Berlinski is worth reading for both his insights and his prose, which manages to be both crisp and florid. Science After Babel is no exception. The book gathers his essays, notes, excerpts from previous books, letters to the editor, and the like written over the past few decades on the scientific enterprise.

Think of Science After Babel as a sampler platter of Berlinski’s thought and writing on science and math. Its purpose, I presume, is to leave you hungry for more.

In contrast to the current academic fashion in disciplines with “studies” in their name, Berlinski never treats science as just another power trip or language game. He knows and values the achievements of science, or rather of scientists. He especially admires math and mathematical physics but seems to return, again and again, to biology. So we get glimpses of the work of Newton, Einstein, Turing, Gödel, von Neumann, as well as Darwin, Crick, Kolmogorov, Chaitin, and Thom.

Despite his admiration, or perhaps because of it, Berlinski knows when scientists are bluffing.

As the book title suggests, he likens the great edifice of science to Bruegel’s famous painting of the biblical Tower of Babel. It is a great human achievement, still piercing the clouds. But because it is human, it smacks of hubris. “The Tower is still there,” he writes. “It is, in fact, larger than ever. But,” he continues,

it has neither reached the sky nor left the ground. It resembles Bruegel’s Tower of Babel far more than the Chrysler Building, and if it suggests anything at all, it suggests that its original plans have somehow been lost. Some parts of the Tower are sound and sturdy; but, my goodness, the balustrade devoted to the multiverse—what were they thinking?

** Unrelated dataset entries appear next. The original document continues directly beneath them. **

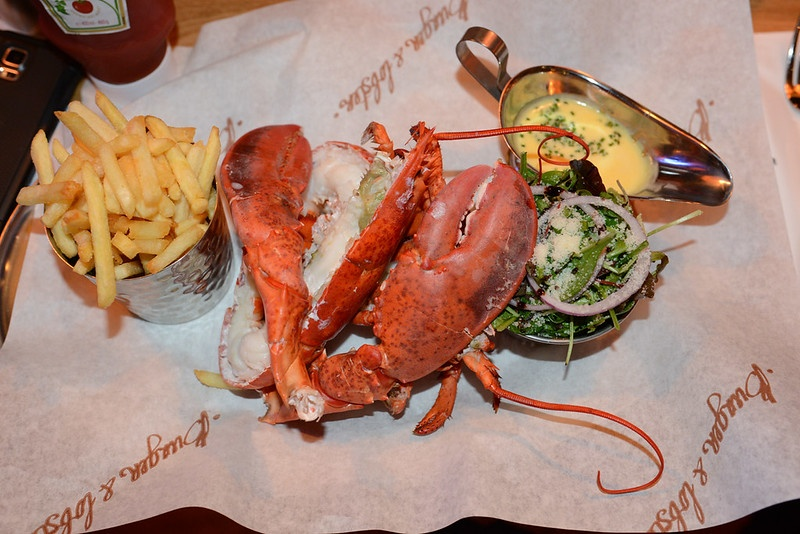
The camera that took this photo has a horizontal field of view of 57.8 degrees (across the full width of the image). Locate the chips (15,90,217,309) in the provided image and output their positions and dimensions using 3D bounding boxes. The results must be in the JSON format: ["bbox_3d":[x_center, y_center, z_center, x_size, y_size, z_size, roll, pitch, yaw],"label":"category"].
[{"bbox_3d":[-1.112,-0.286,2.960,0.815,0.867,0.307,5,-7,-15],"label":"chips"}]
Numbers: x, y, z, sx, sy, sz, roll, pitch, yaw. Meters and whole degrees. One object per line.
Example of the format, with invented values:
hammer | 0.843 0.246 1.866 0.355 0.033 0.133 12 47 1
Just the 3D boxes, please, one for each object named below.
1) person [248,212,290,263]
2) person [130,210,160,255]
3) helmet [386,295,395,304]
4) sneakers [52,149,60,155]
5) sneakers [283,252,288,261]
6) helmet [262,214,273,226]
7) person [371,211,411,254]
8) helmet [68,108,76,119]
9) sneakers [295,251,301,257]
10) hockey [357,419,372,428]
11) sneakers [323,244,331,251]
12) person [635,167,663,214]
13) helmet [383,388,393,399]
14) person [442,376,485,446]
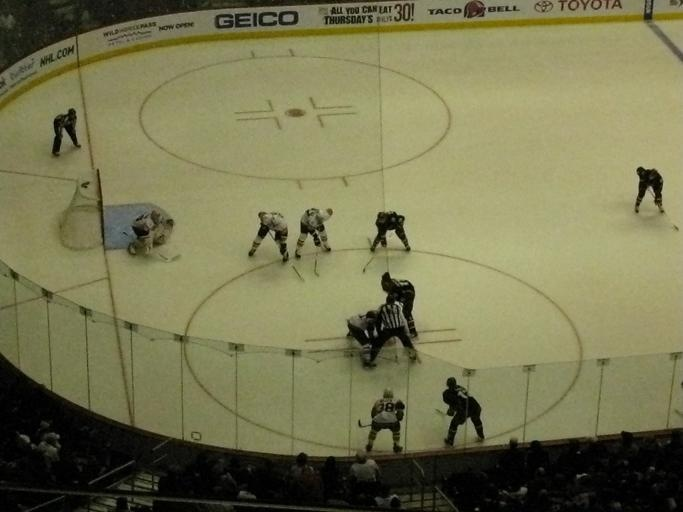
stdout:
person | -1.314 -0.413 21.952 0.841 0.893 0.611 10 27 -15
person | -3.969 -0.458 22.153 0.661 0.375 0.845 9 39 9
helmet | 0.863 0.759 19.292 0.146 0.124 0.139 1 2 -9
sneakers | -6.492 -2.323 25.216 0.176 0.055 0.114 -2 -18 -17
sneakers | -1.092 0.024 21.992 0.073 0.183 0.103 -1 -8 16
helmet | -1.431 -0.707 21.585 0.285 0.249 0.233 0 9 -4
person | 0.996 -0.485 22.239 0.820 0.819 1.067 1 8 4
helmet | -6.156 -3.211 25.305 0.242 0.287 0.111 -2 -11 -12
sneakers | -0.856 -0.032 22.138 0.063 0.114 0.079 29 59 19
hockey | 0.366 2.653 17.628 0.165 0.037 0.147 -3 14 -14
sneakers | -0.306 -0.158 22.295 0.167 0.076 0.156 26 -12 15
person | 6.630 -1.400 23.758 0.614 0.977 1.008 3 9 14
helmet | 0.753 2.171 17.615 0.125 0.133 0.147 4 50 3
person | 1.940 2.496 17.862 0.715 1.030 0.665 -7 8 -21
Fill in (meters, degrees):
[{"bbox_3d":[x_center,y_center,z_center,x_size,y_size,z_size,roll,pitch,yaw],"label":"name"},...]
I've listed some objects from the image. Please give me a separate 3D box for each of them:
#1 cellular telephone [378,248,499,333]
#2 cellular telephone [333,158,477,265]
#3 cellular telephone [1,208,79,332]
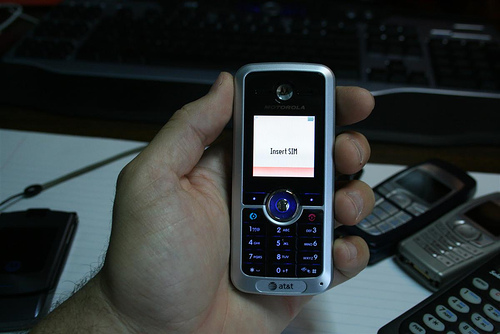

Who knows? In looking at the Tower, if we are moved to admire its size, we are also bound to acknowledge its faults.

And what makes it sound and sturdy? Berlinski credits the “algorithm and the calculus” as “the two great ideas of the scientific revolution.” Indeed, he’s written books on each of these topics. Despite his fondness for such edifices, he’s quick to remind the reader how much reality these formalisms fail to capture. He can praise such abstract thought while retaining monsense wisdom that has no patience for naive reductionism. Noting the gestures of Plato and Aristotle (the one pointing up, the other down) in Raphael’s School of Athens, Berlinski manages to keep one eye on the empyrean above and the other on the solid ground below.

So why should you, dear reader of Religion & Liberty, bother with a book about neither religion nor liberty? Simple. Berlinski is second to none in deflating ideas that are a threat to both.

Nineteenth-century materialists denied not just the cogency of religious faith but the cogency of human agency. And materialism became a dominant faith for the first time in Western history not because of new arguments but because it enjoyed the prestige of science.

One of its most malevolent offspring in economics, namely Marxism, was the chief foe to friends of liberty for more than a century. And rather than dying a respectable death with the Soviet Union, even now it animates one of the world’s most populous countries and roams the halls of our own institutions as a mutant zombie in the form of critical theory.

Berlinski does not hold science blameless for these developments. Indeed, he credits the perversions of science for “a popular culture littered with ideological detritus: atheism, of course, or naturalism, or materialism, or physicalism, or scientism, or even, God help us, trans-humanism.”

bating these -isms, he points to the fact that even the hardest and mathiest of the sciences, quantum physics, seems to focus less and less on anything we might plausibly call matter:

On current physical theories, that material base is occupied by various quantum fields, where, like so many electric eels, they occupy themselves in quivering with energy. Leptons and bosons emerge as field excitations, and so does everything else.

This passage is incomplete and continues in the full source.